It is of additional interest to note the consistency in the degree of the ORE across all three age groups from 5 to 10 years. In accordance with findings regarding the development of the ORE in infants (Kelly et al., 2007; 2009; Sangrigoli & de Schonen, 2004a), and a few studies that report an ORE in children as young as 3 to 5 years of age (Pezdek et al., 2003; Sangrigoli & de Schonen, 2004b), findings from the present study show that the ORE in face recognition memory is present in early childhood. Although there were age-related changes in children’s recognition memory for faces in general, children from each age group showed a comparable ORE. Thus, although children’s differential experience with own- and other-race faces shapes an own-race advantage in face recognition memory, continued experience with own-race faces and continued lack of experience with other-race faces does not appear to lead to increasingly larger disparities in recognition memory for own- and other-race faces. It appears that the asymmetry in own- and other-race experience in later childhood serves to maintain rather than exacerbate the ORE. More general age-related improvements in cognitive abilities – as well as age-related improvements in detecting differences in facial features and the spacing between facial features (Mondloch et al., 2003; Mondloch et al., 2002) – likely drive improved identity recognition memory for both own-race and other-race faces.

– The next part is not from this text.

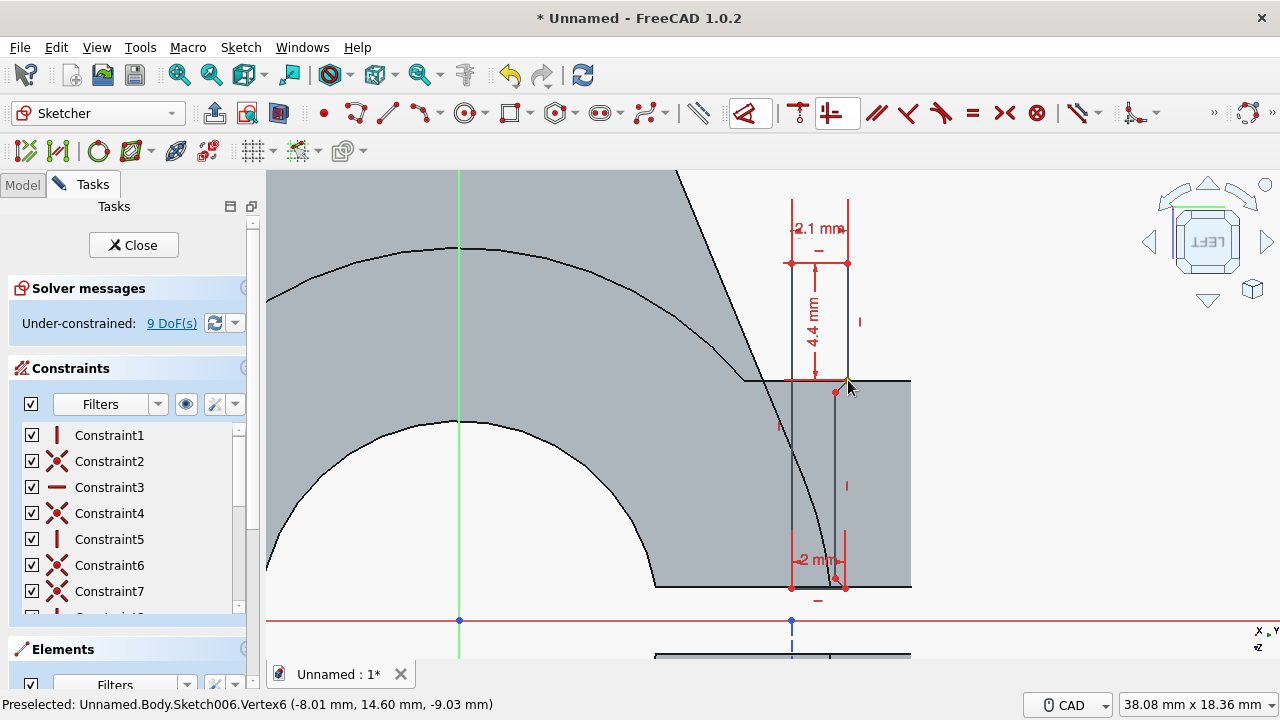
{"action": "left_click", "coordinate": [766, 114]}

In summary, the present study showed that the ORE – as measured from genuine identity recognition of own- and other-race faces – remains stable in size between 5 to 10 years of age. This ORE in identity recognition remained even after external facial cues were removed so that children were forced to rely on only the internal facial regions. In addition, although children are able to encode and retrieve own- and other-race facial identities from memory, the differential effect of stimulus pose for own- and other-race face recognition memory is reflective of qualitative differences in processing own- and other-race faces.